*Work to complete*.
Each line below that includes "object" counts once; report the total and nothing more.

*Exercise material*.

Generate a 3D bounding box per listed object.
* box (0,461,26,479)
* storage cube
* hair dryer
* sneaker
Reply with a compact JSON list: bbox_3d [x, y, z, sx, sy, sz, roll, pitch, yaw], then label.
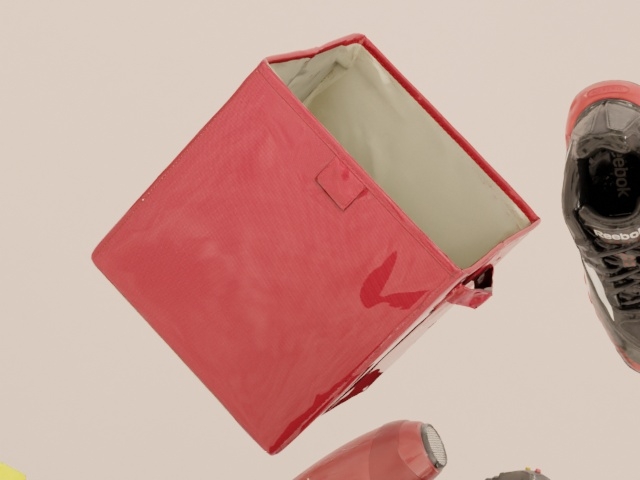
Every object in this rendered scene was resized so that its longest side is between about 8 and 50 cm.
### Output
[{"bbox_3d":[-0.217,0.059,0.602,0.232,0.058,0.087,31,-35,-25],"label":"box"},{"bbox_3d":[0.000,0.000,1.274,0.215,0.183,0.193,48,-66,7],"label":"storage cube"},{"bbox_3d":[0.067,0.283,1.884,0.293,0.224,0.080,13,-28,41],"label":"hair dryer"},{"bbox_3d":[0.268,0.004,1.642,0.097,0.135,0.276,-8,-73,16],"label":"sneaker"}]

*Answer to the exercise*.
2